Two independent researchers (NZ, NV) extracted data from the eligible studies into a standardized data collection form. Extracted data were validated by a third reviewer (LF). All disagreements were resolved by a fourth independent author (SV). The following data were extracted from each included study: title, first author, year of publication, country, study design, age of the population (mean, standard deviation (SD), median, interquartile ranges), gender distribution, the total number of patients (with autoimmune disorders), type of autoimmune disorders, follow-up time, and standardized incidence ratios of gastric cancer (observed, expected, SIR, confidence interval).

Data Synthesis

We provided summaries of the rate of gastric cancer in each autoimmune disorder (frequency of gastric cancer in each autoimmune disease) by pooling standardized incidence ratios (SIRs) as an outcome for selected autoimmune disorders. SIRs were first extracted and then pooled using the inverse variance method and random-effects model with the restricted maximum-likelihood (REML) estimation. Subsequently, the results were displayed on forest plots. Summary SIR estimation, p-value, and 95% confidence interval (CI) were calculated.

Statistical heterogeneity was analyzed using the I² statistic and the χ² test to acquire probability values; p < 0.1 is defined to indicate significant heterogeneity. As suggested by the Cochrane Handbook, I ² values were interpreted as moderate (30%–60%), substantial (50%–90%), and considerable (75%–100%) heterogeneity (17). Publication bias was checked by Funnel plot and Egger’s test (alpha = 0·1) (18). The Eggers test was performed for each autoimmune disorder, where there were more than 10 studies included.

Subgroup analyzes were performed considering high-incidence or low-incidence countries for gastric cancer (10) and based on gender. A minimum number of studies were three for performing quantitative synthesis. Otherwise, findings were summarized in the qualitative synthesis.
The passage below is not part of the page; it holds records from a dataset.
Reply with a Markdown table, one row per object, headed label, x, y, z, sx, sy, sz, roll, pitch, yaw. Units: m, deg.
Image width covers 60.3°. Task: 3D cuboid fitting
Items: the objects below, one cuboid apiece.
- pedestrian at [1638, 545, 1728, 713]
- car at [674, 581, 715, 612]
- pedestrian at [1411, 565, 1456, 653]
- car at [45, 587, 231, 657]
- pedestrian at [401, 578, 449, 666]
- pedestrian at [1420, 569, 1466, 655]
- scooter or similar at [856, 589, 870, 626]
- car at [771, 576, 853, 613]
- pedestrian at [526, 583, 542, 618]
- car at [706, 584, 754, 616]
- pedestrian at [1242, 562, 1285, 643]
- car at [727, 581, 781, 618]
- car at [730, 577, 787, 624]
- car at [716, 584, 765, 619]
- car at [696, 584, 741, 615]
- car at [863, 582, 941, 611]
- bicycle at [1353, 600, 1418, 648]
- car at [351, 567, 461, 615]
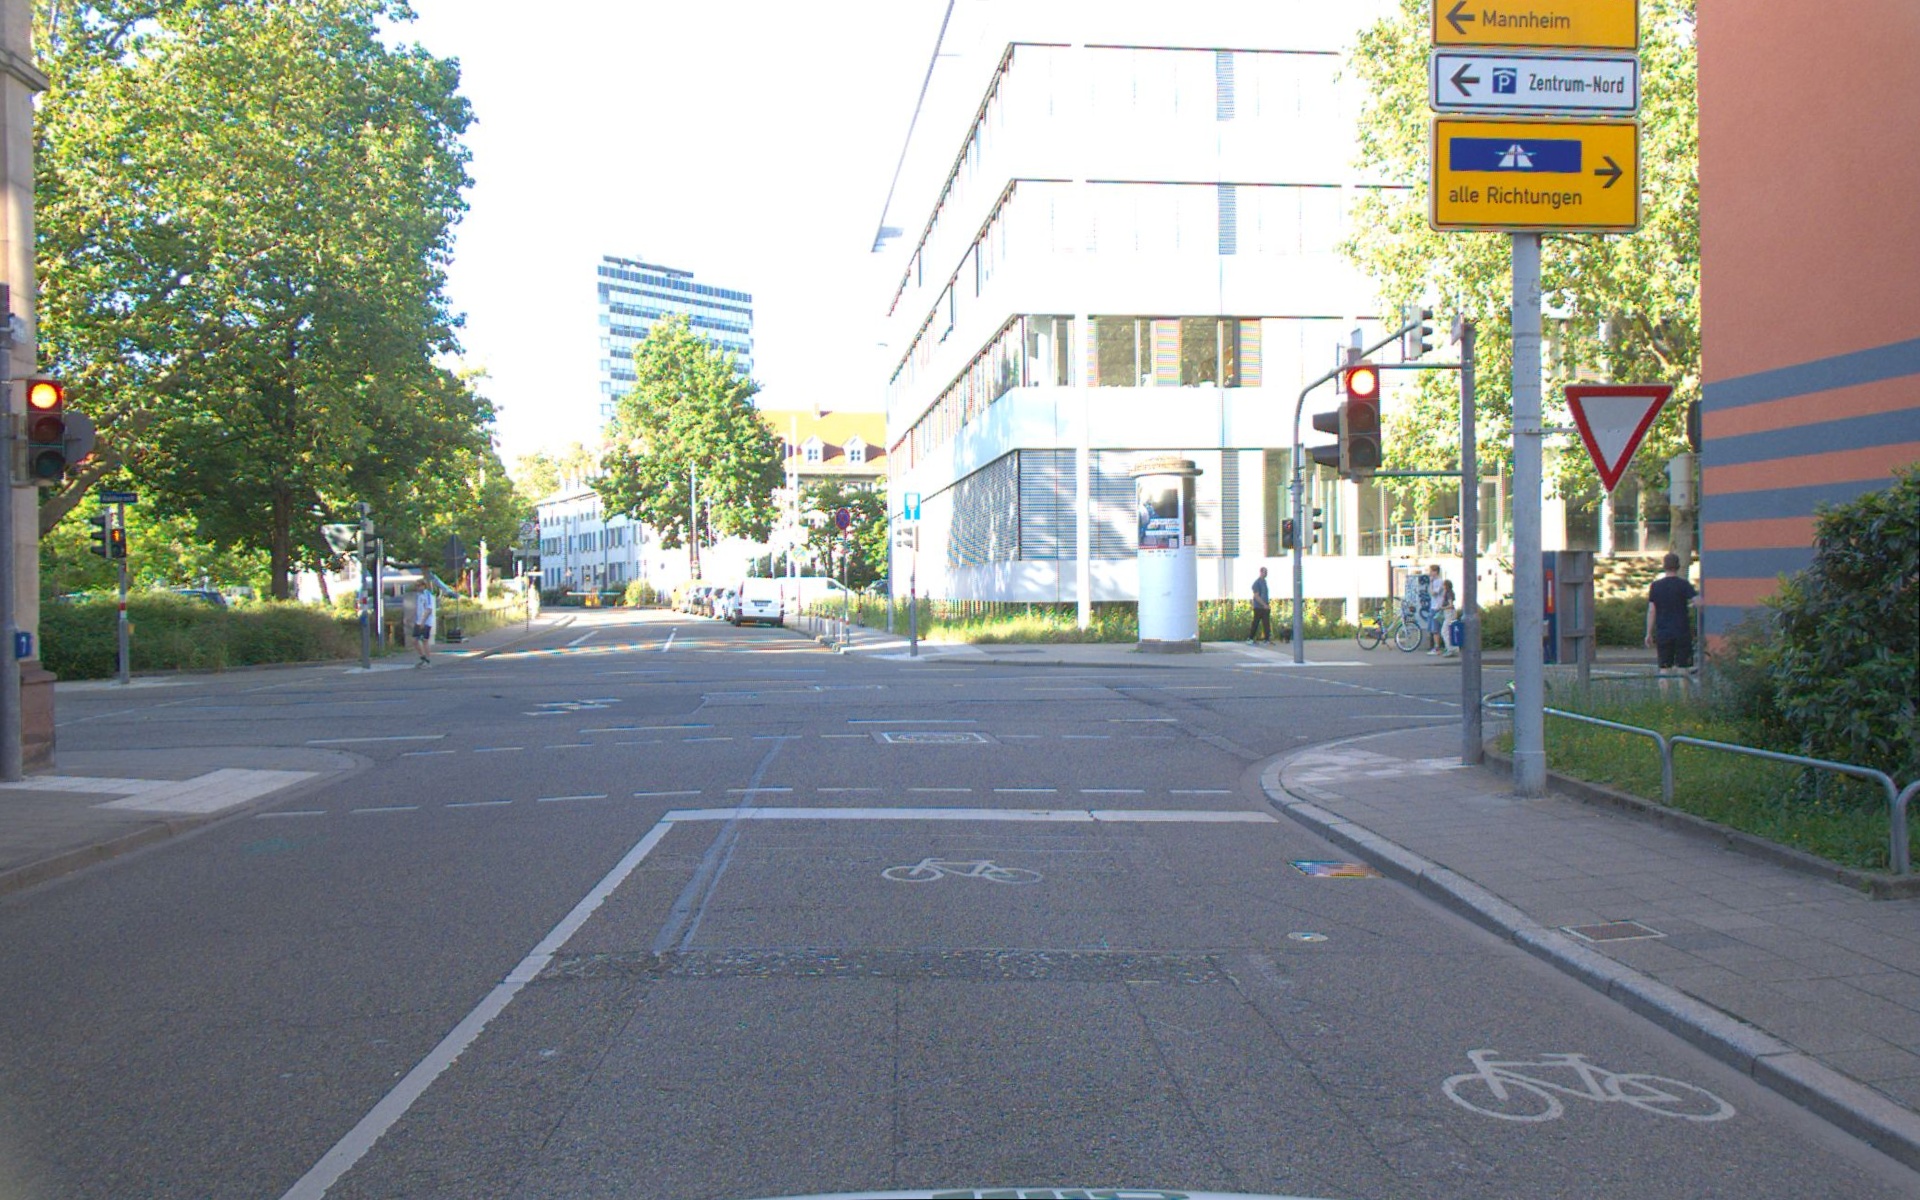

All analyses were performed using R statistical software (R Foundation, Vienna, Austria) with the meta package (Guido Schwarzer, v4.18-2).

Risk of Bias Assessment in Individual Studies

Based on the recommendations of Cochrane Prognosis Methods Group (PMG), the Quality in Prognostic Studies (QUIPS) tool was used by two independent investigators (NV, LF) to assess the quality of the studies included, focusing on the definition of prognostic factors and outcomes (19). Disagreements were resolved by a third investigator (NZ). Details of the QUIPS are shown in Supplementary Table S2 .

Results Search and Selection

The systemic search yielded 18,206 records, of which 12,420 remained after duplicate removal. Following the selection process, 43 articles were included in the systematic review and meta-analysis. Results of the selection are presented in Figure 1 .

Figure 1

Preferred Reporting in Systematic Reviews and Meta-analyses 2020 (PRISMA) flowchart showing the selection process (16).

Basic Characteristics of the Included Studies

Four studies were retrospective from the included 43 articles, and 39 were prospective, describing 36 autoimmune disorders altogether. The overall work, including the qualitative and quantitative synthesis, contains 499,427 patients from four continents (America, Europe, Asia, and Australia) and 15 countries. The general characteristics of the included articles are presented in Table 1 .

Table 1

Basic characteristics of included studies.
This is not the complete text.